● Exercise input
□ □ □

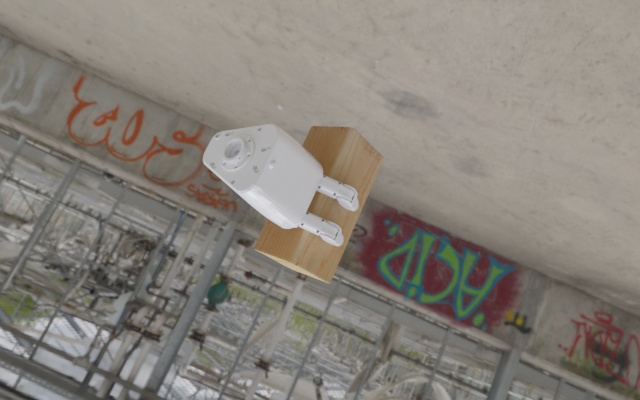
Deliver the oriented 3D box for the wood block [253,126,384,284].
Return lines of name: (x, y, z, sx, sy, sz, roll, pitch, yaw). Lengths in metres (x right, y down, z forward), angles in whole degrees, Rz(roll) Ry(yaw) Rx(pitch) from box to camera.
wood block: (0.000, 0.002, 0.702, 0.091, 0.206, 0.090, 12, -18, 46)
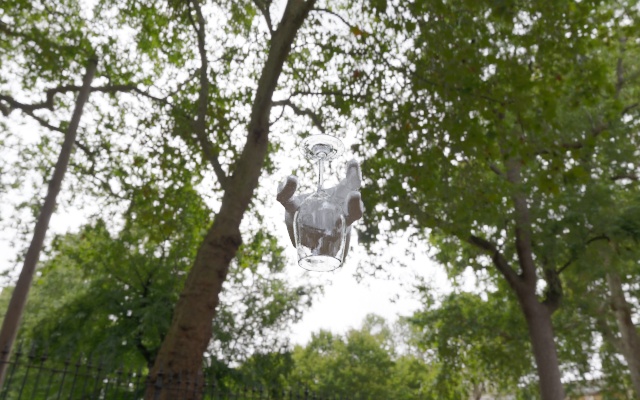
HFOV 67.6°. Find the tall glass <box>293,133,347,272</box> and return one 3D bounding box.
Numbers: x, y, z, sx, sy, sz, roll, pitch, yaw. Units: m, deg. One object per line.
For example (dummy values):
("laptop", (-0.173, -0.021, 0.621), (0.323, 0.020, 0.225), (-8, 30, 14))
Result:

□ □ □

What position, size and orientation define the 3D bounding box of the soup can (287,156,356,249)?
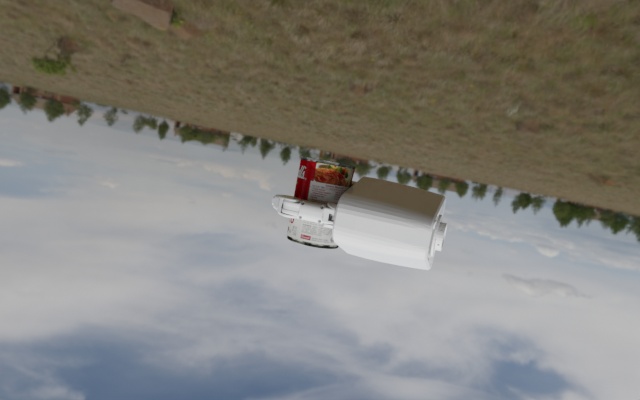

□ □ □

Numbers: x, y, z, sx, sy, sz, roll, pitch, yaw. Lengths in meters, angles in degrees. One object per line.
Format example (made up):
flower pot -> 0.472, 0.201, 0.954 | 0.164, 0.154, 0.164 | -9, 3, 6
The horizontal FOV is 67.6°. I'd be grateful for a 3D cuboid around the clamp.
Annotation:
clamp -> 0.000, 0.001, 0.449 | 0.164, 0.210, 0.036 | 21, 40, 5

□ □ □

● Instructions for the task
In the listing above, start at the line with "HFOV 67.6°. Find", go on through the line with "For example (dummy", and copy each of those lines exactly; leave out all the rest.

● Response to the task
HFOV 67.6°. Find the tall glass <box>293,133,347,272</box> and return one 3D bounding box.
Numbers: x, y, z, sx, sy, sz, roll, pitch, yaw. Units: m, deg. One object per line.
For example (dummy values):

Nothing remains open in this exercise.